Cool!  Now, since we do have the *"population"* that we're estimating, let's check the validity of our confidence interval.

In [None]:
# What was the population mean?
pop_mean = ...
pop_mean

In [None]:
# Is the population mean inside of our interval?
# I want a statement that returns either True or False
...

In [None]:
# How likely are we to have the true population mean within our interval?

```
...
```

In [None]:
# Should we test this out together at the end?

```
...
```

# Interval widths
---

What if we think our interval size is too big?  How does our interval size change as other parameters change?

In [None]:
# Provided that we want to keep 95% level of confidence, how will we narrow
# our interval width?

In [None]:
# BEFORE we answer that, let's think about one more thing:
#
# What is the width of our interval (roughly), in terms of
# our mean and standard deviation?


$$Interval\ Width = ...$$

In [None]:
# So, how do we narrow our interval width?

```
...
```

In [None]:
# Is there anything wrong with what we've done above?
# Hint: representative sample?

```
...
```

In [None]:
# What happens if we can't tolerate a 5% chance of being wrong?
#
# If this is really important, we may want 99.7% confidence!
#
# What will happen to the width of our interval?

```
Width increases as confidence increases.
```

In [None]:
# What will our interval width be in term of mean and standard deviation?
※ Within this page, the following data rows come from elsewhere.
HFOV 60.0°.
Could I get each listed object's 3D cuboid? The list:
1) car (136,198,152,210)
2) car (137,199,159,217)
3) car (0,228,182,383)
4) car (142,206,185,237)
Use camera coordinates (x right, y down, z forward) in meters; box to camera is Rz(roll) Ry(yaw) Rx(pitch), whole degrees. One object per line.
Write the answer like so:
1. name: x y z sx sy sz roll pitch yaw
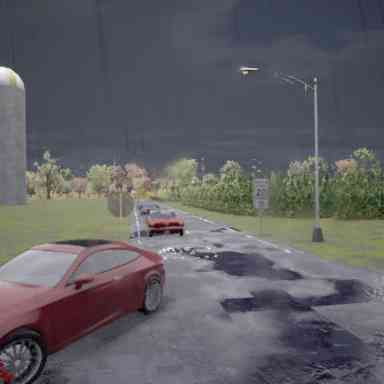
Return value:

To answer this, we need to know the "Empirical Rule".

It goes a little something like this:

|# of SD away from mean|% of data contained in ± #SD|
|---|---|
|1|68%|
|2|95%|
|3|99.7%|

In [None]:
# So, we can calculate the CI if we need 99.7% confidence

mean = np.mean(collected.column(MEASURE))

std = np.std(collected.column(MEASURE)) / np.sqrt(collected.num_rows)

lower_bound_997 = ...
upper_bound_997 = ...

print("""
 Mean:\t{}

Lower:\t{}
Upper:\t{}

Level:\t95%
""".format(mean, lower_bound_997, upper_bound_997))

In [None]:
# Let's look at the bounds for 95% versus 99.7% confidence
print("""
95% Lower:\t{0}\t99.7% Lower:\t{2}
95% Upper:\t{1}\t99.7% Upper:\t{3}
""".format(lower_bound, upper_bound, lower_bound_997, upper_bound_997))

That's all for now, folks!

If we have time, let's see if we can empirically calculate a probability for how often our population mean is within our mathematically-calculated confidence interval.